On Friday evening, more than 90 people from Virginia, Maryland, Tennessee, North Carolina and South Carolina gathered in Benson 401 for Wake Forest’s 34th annual Perspectives in Biology Symposium. Based on the amount of excited conversation, wine and laughter circulating the room, you might never have guessed that this was a highly technical biology lecture — except perhaps for the PowerPoint title slide labeled “Deep subsurface life in the Costa Rica subduction zone from hot springs to volcanoes.”
But once the discussion died down and Dr. Karen Lloyd began her evening lecture, the biology became very important as she described her experiences studying microbes on glaciers near Svalbard and trekking into hot springs along Costa Rica in order to find microbes living at scalding temperatures and pH values between zero and one. There was a triumphant moment when Dr. Lloyd was able to display her data superimposed almost perfectly along an expected curve and exclaimed “Holy crap, it’s not all crap!” to the laughter and applause of the room.
Since 1985, the Perspectives in Biology Symposium at Wake Forest has been hosting this mixture of intense scholarship and community for biologists.
“The lectures are always great,” said Kimberly Zahn, a biology professor at Thomas Nelson Community College in Hampton, Virginia, “but half of the reason we are all here is not just to learn something new, but also to get to see everyone, talk, and have a good time.”
What brings a community college professor from Virginia to Wake Forest for a two-day biology symposium?
“If you think back 34 years ago when this symposium was started,” explained Dr. Miles Silman, a member of Wake Forest’s Biology Department and the coordinator of this year’s symposium “science was a lot harder to access, especially for institutions without a research focus. So Wake Forest wanted to bring these schools from around the Carolinas to get together and share.”
Despite the differences today and the proliferation of scientific literature through the internet, the symposium continues to bring in attendees thanks to the community it has developed, and in part due to its relative affordability at $90 per attendee.
“A lot of community college and technical schools don’t have research centers or the funds to send faculty to large national conventions, which can make it difficult to stay as informed as possible,” said Charlie Shaeff, a biology professor from Central Virginia Community College in Lynchburg. “This symposium is really our only affordable way for professors to get subject specific professional training which we can then bring back to our classrooms and include in our teaching.”
Shaeff, a member of Wake Forest’s class of 1971, is an “expert attendee” of the symposium.
“I haven’t missed a year since it began. For me it’s like a homecoming every time. And slowly, over the years, I’ve told people about it and they’ve started coming too. Now, this is my main way to know I’ll see some of my colleagues every year.”
Many professors from a wide range of different alma maters seem to agree that this conference has major benefits.
“I come every year, regardless of the speakers or their topics,” said Zahn. “There’s value here for everyone.”

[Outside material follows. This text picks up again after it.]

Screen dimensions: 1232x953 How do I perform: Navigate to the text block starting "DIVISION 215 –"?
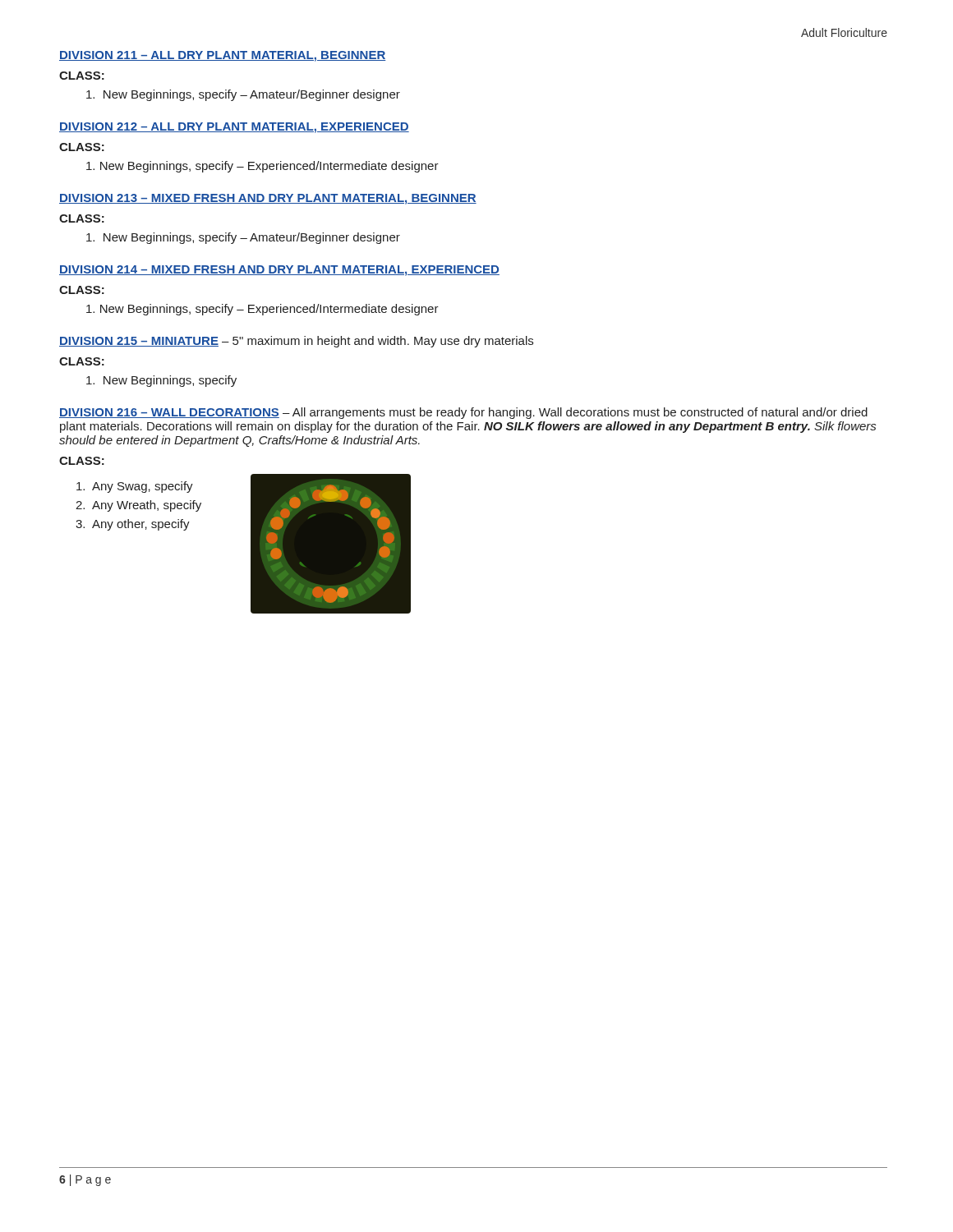[139, 340]

This year’s speakers included Dr. Lloyd, a professor of microbiology at the University of Tennessee, Knoxville who focuses on archaebacteria surviving in some of the most intense environments on Earth, Dr. Stephen Goodwin of the University of Oxford, whose talks focused on the underlying genetic mechanisms of sexuality in fruit flies, and Dr. William Schlesinger, President Emeritus of the Cary Institute of Ecosystem Studies and former Dean of the Nicholas School of the Environment, and James B. Duke, Professor of Biogeochemistry at Duke University as well as one of the world’s foremost biogeochemists.
“The goal is to stretch the boundaries of biology — bring people in from these far reaches of the field and have them present side-by-side,” said Silman.
The traditional format for PIB has each of the three speakers present two talks at the symposium.
The first generally offers a more broad perspective on the speaker’s particular field of research while the second provides a deeper dive into some of the more technical aspects and explores what a single study might include.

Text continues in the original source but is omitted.